Category Archives: By Ingredient

Black Pepper Beef

Even after making the filet mignon the other night, we still had some beef tenderloin remaining. Annie cubed it up, marinated it with a packet of black pepper sauce, and stir-fried it with some mushrooms, bell peppers, onions, and green onions.

Talk about tasty! Annie skillfully fried the tenderloin so it didn’t toughen up. Restaurant quality, for home-cooked price!

Aloha, Nate

Filipino Pork Adobo Recipe

Filipino adobo is a dish commonly found in Hawaii. I like it because of the salty, vinegary flavors. Annie learned how to make it from a group of Filipino students living in her dorm at the University of Hawaii.

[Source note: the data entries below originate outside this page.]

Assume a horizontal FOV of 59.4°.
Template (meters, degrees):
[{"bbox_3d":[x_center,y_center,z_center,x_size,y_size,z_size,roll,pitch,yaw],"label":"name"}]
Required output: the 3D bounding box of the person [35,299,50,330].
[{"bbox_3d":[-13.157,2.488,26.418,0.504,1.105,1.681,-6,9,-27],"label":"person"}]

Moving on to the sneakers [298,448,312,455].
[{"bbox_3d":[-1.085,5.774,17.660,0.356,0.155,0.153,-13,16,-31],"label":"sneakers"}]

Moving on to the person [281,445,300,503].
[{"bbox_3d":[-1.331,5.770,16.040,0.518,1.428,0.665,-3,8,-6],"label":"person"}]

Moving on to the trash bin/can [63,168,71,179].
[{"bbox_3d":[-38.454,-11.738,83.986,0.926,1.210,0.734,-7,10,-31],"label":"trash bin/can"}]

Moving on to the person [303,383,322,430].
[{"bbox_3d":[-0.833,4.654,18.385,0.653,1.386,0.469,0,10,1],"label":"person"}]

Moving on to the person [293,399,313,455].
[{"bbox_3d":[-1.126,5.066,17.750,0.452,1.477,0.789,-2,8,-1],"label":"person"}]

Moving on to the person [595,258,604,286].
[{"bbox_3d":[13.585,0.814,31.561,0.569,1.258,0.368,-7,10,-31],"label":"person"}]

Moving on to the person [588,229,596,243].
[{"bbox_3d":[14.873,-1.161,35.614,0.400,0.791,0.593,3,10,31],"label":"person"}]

This dish consists of onions, garlic, pork riblets, potatoes, whole peppercorns, bay leaves, shoyu, cider vinegar and water. You cook it down until all the liquids are evaporated and all you have left is this delicious sauce coating the meat and potatoes. Serve it over heaps of rice. Real “stick-to-your ribs” cooking.

Aloha, Nate

Filet Mignon with Steamed Asparagus

We got our hands on a couple of beef tenderloins for a really good price. Even after making the Beef Tenderloin in Salt Crust, we still had some leftover loin. So Annie defrosted it, cut it up into steaks, and prepared them according to this recipe from Bruce Aidells.


We also steam-fried some asparagus.


Finished plate with roasted bell peppers and a baked organic russet potato.

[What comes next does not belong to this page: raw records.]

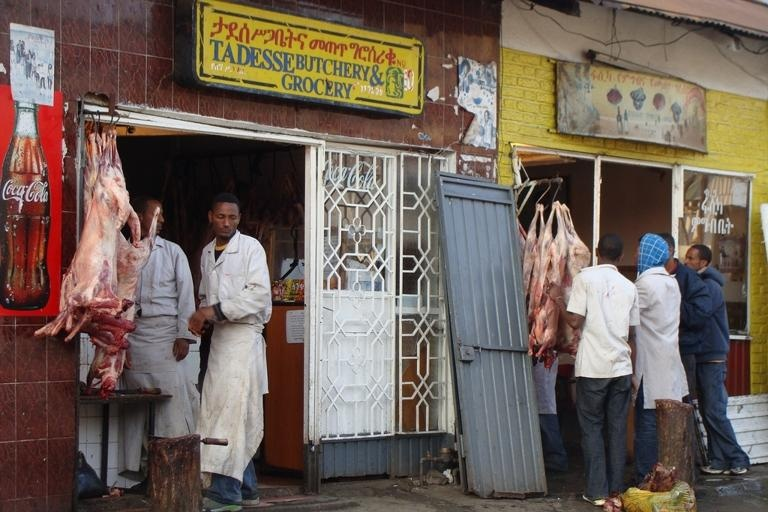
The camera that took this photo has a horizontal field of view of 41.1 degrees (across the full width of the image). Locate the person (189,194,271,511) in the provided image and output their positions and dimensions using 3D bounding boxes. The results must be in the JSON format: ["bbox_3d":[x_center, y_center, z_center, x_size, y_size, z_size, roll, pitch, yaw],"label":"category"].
[{"bbox_3d":[-1.536,0.953,10.260,0.761,3.153,0.473,1,-2,-7],"label":"person"}]

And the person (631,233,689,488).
[{"bbox_3d":[2.971,1.100,11.050,0.517,2.664,0.450,0,-2,10],"label":"person"}]

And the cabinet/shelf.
[{"bbox_3d":[-0.549,1.483,11.378,1.754,1.884,0.813,1,-2,1],"label":"cabinet/shelf"}]

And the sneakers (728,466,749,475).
[{"bbox_3d":[4.093,2.480,11.788,0.221,0.109,0.079,6,-7,-28],"label":"sneakers"}]

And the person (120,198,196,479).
[{"bbox_3d":[-2.329,0.828,10.642,0.806,2.827,0.438,1,-2,-12],"label":"person"}]

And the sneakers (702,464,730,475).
[{"bbox_3d":[3.851,2.503,11.881,0.310,0.167,0.125,10,-9,-5],"label":"sneakers"}]

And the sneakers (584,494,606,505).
[{"bbox_3d":[2.178,2.531,10.614,0.072,0.082,0.195,0,-2,-42],"label":"sneakers"}]

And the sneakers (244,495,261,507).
[{"bbox_3d":[-1.338,2.495,10.356,0.135,0.063,0.079,-4,-2,20],"label":"sneakers"}]

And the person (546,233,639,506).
[{"bbox_3d":[2.296,1.181,10.748,0.614,2.827,0.637,-1,-3,38],"label":"person"}]

This was so yummy. Bruce Aidells sure knows how to cook meat!

Aloha, Nate

Sweet Sour Tilapia Fillet

Every so often, frozen tilapia fillets will go on sale at Albertson’s so we pick up a whole bunch and keep ’em handy in the freezer for whenever the mood hits us. They’re thin and easy to cook- you don’t even need to defrost them first. Just season them with salt and pepper, dust them in cornstarch, and pan fry them until they flake.

In this application, Annie also made a sweet-sour sauce with onions and bell peppers, ketchup, soy sauce and water. Garnish with some chopped green onions, and you’re good to go!